I find this relation:
$$\int_0^1\frac{\ln\left(1-x\right)}{x^{n}}dx=-\sum_{k=1}^\infty\frac{1}{k^2-\left(n-1\right)k}$$
I try to solve using this identity:
$$\frac{\pi\tan\left(\pi x\right)}{2x}=\sum_{k=n}^\infty\frac{1}{\left(k-\frac{\left(2n-1\right)}{2}\right)^2-x^2} \ \ ; \forall \ n\in \mathbb{N} $$
but when I did this evaluation $x=\frac{\left(2n-1\right)}{2}$ the equality in the result is no longer met.
$$\frac{\pi\tan\left(\frac{\pi}{2}\left(2n-1\right)\right)}{2n-1}=\sum_{k=n}^\infty\frac{1}{k^2-\left(2n-1\right)k}$$
Does anyone know why equality is no longer fulfilled?

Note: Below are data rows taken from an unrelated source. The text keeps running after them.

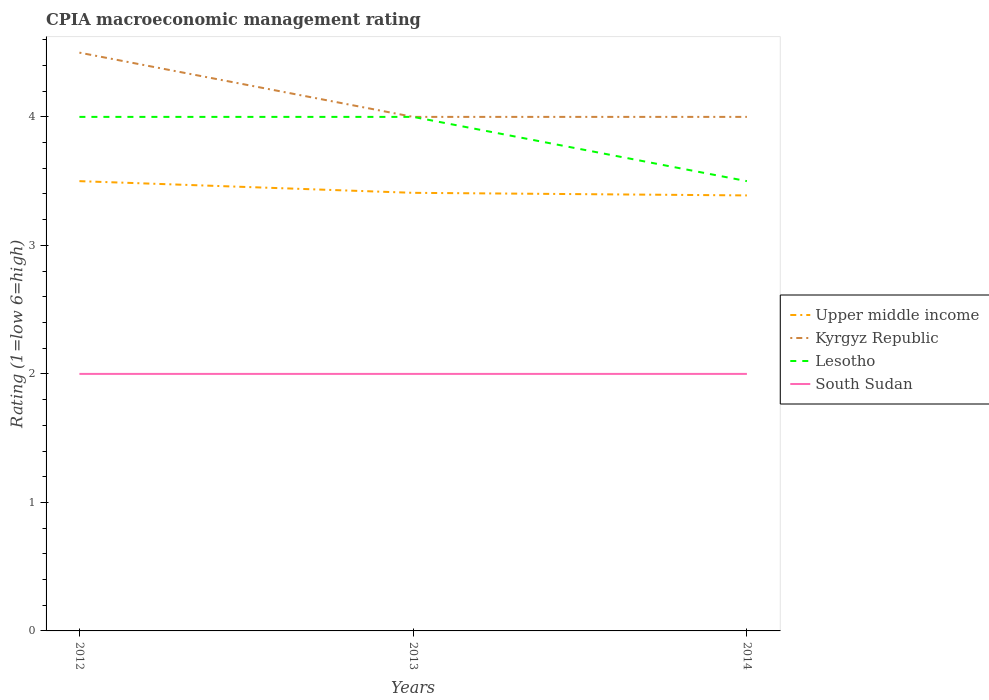Does the line corresponding to Kyrgyz Republic intersect with the line corresponding to Lesotho?
Make the answer very short. Yes. Is the number of lines equal to the number of legend labels?
Offer a very short reply. Yes. Across all years, what is the maximum CPIA rating in Upper middle income?
Your answer should be very brief. 3.39. What is the difference between the highest and the second highest CPIA rating in Lesotho?
Provide a succinct answer. 0.5. Is the CPIA rating in Kyrgyz Republic strictly greater than the CPIA rating in Upper middle income over the years?
Keep it short and to the point. No. How many years are there in the graph?
Your answer should be compact. 3. What is the difference between two consecutive major ticks on the Y-axis?
Offer a very short reply. 1. Are the values on the major ticks of Y-axis written in scientific E-notation?
Offer a terse response. No. How many legend labels are there?
Ensure brevity in your answer.  4. How are the legend labels stacked?
Give a very brief answer. Vertical. What is the title of the graph?
Ensure brevity in your answer.  CPIA macroeconomic management rating. What is the Rating (1=low 6=high) of Upper middle income in 2012?
Your answer should be very brief. 3.5. What is the Rating (1=low 6=high) in Lesotho in 2012?
Ensure brevity in your answer.  4. What is the Rating (1=low 6=high) in South Sudan in 2012?
Provide a succinct answer. 2. What is the Rating (1=low 6=high) of Upper middle income in 2013?
Offer a very short reply. 3.41. What is the Rating (1=low 6=high) in Kyrgyz Republic in 2013?
Provide a succinct answer. 4. What is the Rating (1=low 6=high) of Lesotho in 2013?
Give a very brief answer. 4. What is the Rating (1=low 6=high) in South Sudan in 2013?
Provide a short and direct response. 2. What is the Rating (1=low 6=high) of Upper middle income in 2014?
Keep it short and to the point. 3.39. What is the Rating (1=low 6=high) in Lesotho in 2014?
Provide a short and direct response. 3.5. What is the Rating (1=low 6=high) in South Sudan in 2014?
Ensure brevity in your answer.  2. Across all years, what is the maximum Rating (1=low 6=high) in Upper middle income?
Offer a terse response. 3.5. Across all years, what is the maximum Rating (1=low 6=high) in Kyrgyz Republic?
Your answer should be very brief. 4.5. Across all years, what is the maximum Rating (1=low 6=high) in South Sudan?
Provide a succinct answer. 2. Across all years, what is the minimum Rating (1=low 6=high) of Upper middle income?
Make the answer very short. 3.39. Across all years, what is the minimum Rating (1=low 6=high) of Lesotho?
Make the answer very short. 3.5. Across all years, what is the minimum Rating (1=low 6=high) of South Sudan?
Your answer should be very brief. 2. What is the total Rating (1=low 6=high) in Upper middle income in the graph?
Offer a terse response. 10.3. What is the total Rating (1=low 6=high) of Kyrgyz Republic in the graph?
Offer a terse response. 12.5. What is the total Rating (1=low 6=high) of Lesotho in the graph?
Your answer should be very brief. 11.5. What is the total Rating (1=low 6=high) of South Sudan in the graph?
Provide a succinct answer. 6. What is the difference between the Rating (1=low 6=high) in Upper middle income in 2012 and that in 2013?
Provide a short and direct response. 0.09. What is the difference between the Rating (1=low 6=high) of South Sudan in 2012 and that in 2013?
Offer a terse response. 0. What is the difference between the Rating (1=low 6=high) of Upper middle income in 2012 and that in 2014?
Offer a terse response. 0.11. What is the difference between the Rating (1=low 6=high) of Upper middle income in 2013 and that in 2014?
Keep it short and to the point. 0.02. What is the difference between the Rating (1=low 6=high) in Kyrgyz Republic in 2013 and that in 2014?
Ensure brevity in your answer.  0. What is the difference between the Rating (1=low 6=high) in Lesotho in 2013 and that in 2014?
Your answer should be compact. 0.5. What is the difference between the Rating (1=low 6=high) of South Sudan in 2013 and that in 2014?
Provide a short and direct response. 0. What is the difference between the Rating (1=low 6=high) in Upper middle income in 2012 and the Rating (1=low 6=high) in Lesotho in 2013?
Ensure brevity in your answer.  -0.5. What is the difference between the Rating (1=low 6=high) of Kyrgyz Republic in 2012 and the Rating (1=low 6=high) of Lesotho in 2013?
Give a very brief answer. 0.5. What is the difference between the Rating (1=low 6=high) of Kyrgyz Republic in 2012 and the Rating (1=low 6=high) of South Sudan in 2013?
Keep it short and to the point. 2.5. What is the difference between the Rating (1=low 6=high) of Lesotho in 2012 and the Rating (1=low 6=high) of South Sudan in 2013?
Your answer should be very brief. 2. What is the difference between the Rating (1=low 6=high) in Upper middle income in 2012 and the Rating (1=low 6=high) in Kyrgyz Republic in 2014?
Give a very brief answer. -0.5. What is the difference between the Rating (1=low 6=high) in Kyrgyz Republic in 2012 and the Rating (1=low 6=high) in Lesotho in 2014?
Offer a very short reply. 1. What is the difference between the Rating (1=low 6=high) of Kyrgyz Republic in 2012 and the Rating (1=low 6=high) of South Sudan in 2014?
Give a very brief answer. 2.5. What is the difference between the Rating (1=low 6=high) in Lesotho in 2012 and the Rating (1=low 6=high) in South Sudan in 2014?
Offer a terse response. 2. What is the difference between the Rating (1=low 6=high) in Upper middle income in 2013 and the Rating (1=low 6=high) in Kyrgyz Republic in 2014?
Your answer should be compact. -0.59. What is the difference between the Rating (1=low 6=high) of Upper middle income in 2013 and the Rating (1=low 6=high) of Lesotho in 2014?
Your answer should be very brief. -0.09. What is the difference between the Rating (1=low 6=high) of Upper middle income in 2013 and the Rating (1=low 6=high) of South Sudan in 2014?
Provide a succinct answer. 1.41. What is the difference between the Rating (1=low 6=high) in Kyrgyz Republic in 2013 and the Rating (1=low 6=high) in South Sudan in 2014?
Provide a short and direct response. 2. What is the average Rating (1=low 6=high) of Upper middle income per year?
Your answer should be compact. 3.43. What is the average Rating (1=low 6=high) in Kyrgyz Republic per year?
Provide a succinct answer. 4.17. What is the average Rating (1=low 6=high) in Lesotho per year?
Offer a very short reply. 3.83. In the year 2012, what is the difference between the Rating (1=low 6=high) in Upper middle income and Rating (1=low 6=high) in Kyrgyz Republic?
Keep it short and to the point. -1. In the year 2012, what is the difference between the Rating (1=low 6=high) of Kyrgyz Republic and Rating (1=low 6=high) of Lesotho?
Keep it short and to the point. 0.5. In the year 2012, what is the difference between the Rating (1=low 6=high) in Kyrgyz Republic and Rating (1=low 6=high) in South Sudan?
Ensure brevity in your answer.  2.5. In the year 2012, what is the difference between the Rating (1=low 6=high) of Lesotho and Rating (1=low 6=high) of South Sudan?
Your answer should be compact. 2. In the year 2013, what is the difference between the Rating (1=low 6=high) of Upper middle income and Rating (1=low 6=high) of Kyrgyz Republic?
Your answer should be compact. -0.59. In the year 2013, what is the difference between the Rating (1=low 6=high) in Upper middle income and Rating (1=low 6=high) in Lesotho?
Offer a very short reply. -0.59. In the year 2013, what is the difference between the Rating (1=low 6=high) of Upper middle income and Rating (1=low 6=high) of South Sudan?
Keep it short and to the point. 1.41. In the year 2013, what is the difference between the Rating (1=low 6=high) in Kyrgyz Republic and Rating (1=low 6=high) in Lesotho?
Make the answer very short. 0. In the year 2013, what is the difference between the Rating (1=low 6=high) in Kyrgyz Republic and Rating (1=low 6=high) in South Sudan?
Provide a short and direct response. 2. In the year 2014, what is the difference between the Rating (1=low 6=high) in Upper middle income and Rating (1=low 6=high) in Kyrgyz Republic?
Give a very brief answer. -0.61. In the year 2014, what is the difference between the Rating (1=low 6=high) of Upper middle income and Rating (1=low 6=high) of Lesotho?
Provide a succinct answer. -0.11. In the year 2014, what is the difference between the Rating (1=low 6=high) in Upper middle income and Rating (1=low 6=high) in South Sudan?
Your answer should be very brief. 1.39. In the year 2014, what is the difference between the Rating (1=low 6=high) of Kyrgyz Republic and Rating (1=low 6=high) of Lesotho?
Give a very brief answer. 0.5. In the year 2014, what is the difference between the Rating (1=low 6=high) in Kyrgyz Republic and Rating (1=low 6=high) in South Sudan?
Your answer should be very brief. 2. In the year 2014, what is the difference between the Rating (1=low 6=high) of Lesotho and Rating (1=low 6=high) of South Sudan?
Your answer should be very brief. 1.5. What is the ratio of the Rating (1=low 6=high) in Upper middle income in 2012 to that in 2013?
Provide a succinct answer. 1.03. What is the ratio of the Rating (1=low 6=high) of South Sudan in 2012 to that in 2013?
Offer a very short reply. 1. What is the ratio of the Rating (1=low 6=high) of Upper middle income in 2012 to that in 2014?
Ensure brevity in your answer.  1.03. What is the ratio of the Rating (1=low 6=high) in Kyrgyz Republic in 2012 to that in 2014?
Your answer should be very brief. 1.12. What is the ratio of the Rating (1=low 6=high) in Lesotho in 2013 to that in 2014?
Ensure brevity in your answer.  1.14. What is the difference between the highest and the second highest Rating (1=low 6=high) in Upper middle income?
Your response must be concise. 0.09. What is the difference between the highest and the second highest Rating (1=low 6=high) in Lesotho?
Make the answer very short. 0. What is the difference between the highest and the lowest Rating (1=low 6=high) in Upper middle income?
Provide a succinct answer. 0.11. What is the difference between the highest and the lowest Rating (1=low 6=high) in Kyrgyz Republic?
Your response must be concise. 0.5. What is the difference between the highest and the lowest Rating (1=low 6=high) of South Sudan?
Offer a very short reply. 0.

Call the integral $I$. After partial fraction expansion of the sum that is mentioned, we see that $$I=\frac{1}{n-1}\sum_{k=0}^{+\infty} \frac{1}{k+1}-\frac{1}{k+2-n}$$ From the series expansion of the Digamma function: $$\psi^{(0)}(z)=-\gamma+\sum_{k=0}^{+\infty} \frac{1}{k+1}-\frac{1}{k+z}$$ We can find that $$\boxed{\int_0^1 \frac{\log(1-x)}{x^n}\,dx=\frac{\psi^{(0)}(2-n)+\gamma}{n-1}}$$
This result seems to agree with the numerical values that @marty cohen found.
EDIT: If we take the limit as $n\to 1$, we can use l'Hopital's rule to conclude that $$\int_0^1\frac{\log(1-x)}{x}\,dx=\psi^{(1)}(1)=\frac{\pi^2}{6}$$